## [WHAT TO DO]
Copy out all lines of the material below in which "degrees" occurs.

(INPUT)

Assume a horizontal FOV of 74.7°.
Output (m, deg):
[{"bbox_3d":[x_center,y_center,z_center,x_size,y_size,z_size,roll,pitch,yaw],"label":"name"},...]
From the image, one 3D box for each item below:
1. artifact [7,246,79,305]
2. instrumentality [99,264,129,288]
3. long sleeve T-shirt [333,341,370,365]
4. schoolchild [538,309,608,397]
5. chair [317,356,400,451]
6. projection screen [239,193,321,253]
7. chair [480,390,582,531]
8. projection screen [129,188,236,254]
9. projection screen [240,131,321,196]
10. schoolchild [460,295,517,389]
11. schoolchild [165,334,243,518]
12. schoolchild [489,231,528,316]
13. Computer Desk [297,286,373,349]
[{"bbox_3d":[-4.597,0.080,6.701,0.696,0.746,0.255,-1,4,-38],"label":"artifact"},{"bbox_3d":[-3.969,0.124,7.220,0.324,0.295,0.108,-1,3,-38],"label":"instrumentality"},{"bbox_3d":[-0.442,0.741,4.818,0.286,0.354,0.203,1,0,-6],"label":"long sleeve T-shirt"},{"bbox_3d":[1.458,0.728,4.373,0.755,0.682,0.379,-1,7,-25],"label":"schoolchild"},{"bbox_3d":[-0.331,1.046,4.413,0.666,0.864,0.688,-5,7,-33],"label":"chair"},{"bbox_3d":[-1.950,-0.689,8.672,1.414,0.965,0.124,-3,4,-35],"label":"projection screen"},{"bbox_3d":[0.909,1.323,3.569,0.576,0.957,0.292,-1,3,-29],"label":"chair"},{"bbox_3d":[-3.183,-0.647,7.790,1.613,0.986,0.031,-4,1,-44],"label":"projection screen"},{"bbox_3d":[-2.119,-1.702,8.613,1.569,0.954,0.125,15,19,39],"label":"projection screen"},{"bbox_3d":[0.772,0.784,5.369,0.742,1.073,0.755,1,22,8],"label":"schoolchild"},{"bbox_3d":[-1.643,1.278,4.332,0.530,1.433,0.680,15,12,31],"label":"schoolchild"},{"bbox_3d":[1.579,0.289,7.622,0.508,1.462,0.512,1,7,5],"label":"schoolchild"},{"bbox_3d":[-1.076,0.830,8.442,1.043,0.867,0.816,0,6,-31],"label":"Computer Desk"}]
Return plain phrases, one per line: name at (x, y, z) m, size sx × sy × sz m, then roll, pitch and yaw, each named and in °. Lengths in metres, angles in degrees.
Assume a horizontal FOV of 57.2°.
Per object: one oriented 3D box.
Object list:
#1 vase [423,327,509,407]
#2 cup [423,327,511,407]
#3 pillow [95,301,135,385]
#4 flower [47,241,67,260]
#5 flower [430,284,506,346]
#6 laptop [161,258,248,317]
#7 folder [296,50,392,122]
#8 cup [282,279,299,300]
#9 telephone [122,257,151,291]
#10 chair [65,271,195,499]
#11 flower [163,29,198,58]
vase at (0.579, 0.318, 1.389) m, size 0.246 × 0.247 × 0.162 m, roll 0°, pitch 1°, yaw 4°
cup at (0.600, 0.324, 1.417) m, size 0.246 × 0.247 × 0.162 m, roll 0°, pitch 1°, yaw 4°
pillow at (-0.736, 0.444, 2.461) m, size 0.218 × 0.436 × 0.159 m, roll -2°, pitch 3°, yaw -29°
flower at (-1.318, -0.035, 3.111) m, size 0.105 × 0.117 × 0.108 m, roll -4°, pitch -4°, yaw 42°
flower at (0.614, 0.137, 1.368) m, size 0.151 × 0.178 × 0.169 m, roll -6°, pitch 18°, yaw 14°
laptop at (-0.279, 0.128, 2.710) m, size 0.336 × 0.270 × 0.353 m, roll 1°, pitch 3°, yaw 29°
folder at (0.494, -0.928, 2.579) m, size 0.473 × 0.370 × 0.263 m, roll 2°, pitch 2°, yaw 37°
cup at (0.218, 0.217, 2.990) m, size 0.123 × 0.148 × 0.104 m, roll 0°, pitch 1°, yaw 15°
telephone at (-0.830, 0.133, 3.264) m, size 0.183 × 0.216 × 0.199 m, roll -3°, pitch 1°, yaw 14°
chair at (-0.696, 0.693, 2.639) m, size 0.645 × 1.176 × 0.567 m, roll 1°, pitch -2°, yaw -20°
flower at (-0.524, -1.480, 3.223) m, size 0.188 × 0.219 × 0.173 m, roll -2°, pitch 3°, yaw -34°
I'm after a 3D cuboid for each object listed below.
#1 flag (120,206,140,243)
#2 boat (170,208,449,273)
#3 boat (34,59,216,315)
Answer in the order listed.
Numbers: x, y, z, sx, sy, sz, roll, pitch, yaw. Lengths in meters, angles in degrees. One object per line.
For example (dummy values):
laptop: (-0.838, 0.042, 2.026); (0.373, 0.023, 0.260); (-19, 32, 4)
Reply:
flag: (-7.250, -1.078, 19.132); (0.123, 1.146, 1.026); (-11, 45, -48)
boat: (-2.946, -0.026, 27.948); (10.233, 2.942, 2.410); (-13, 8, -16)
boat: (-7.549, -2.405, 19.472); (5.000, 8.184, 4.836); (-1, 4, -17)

(End INPUT)

## [RESPONSE AREA]
Return plain phrases, one per line: name at (x, y, z) m, size sx × sy × sz m, then roll, pitch and yaw, each named and in °. Lengths in metres, angles in degrees.
Numbers: x, y, z, sx, sy, sz, roll, pitch, yaw. Lengths in meters, angles in degrees. One object per line.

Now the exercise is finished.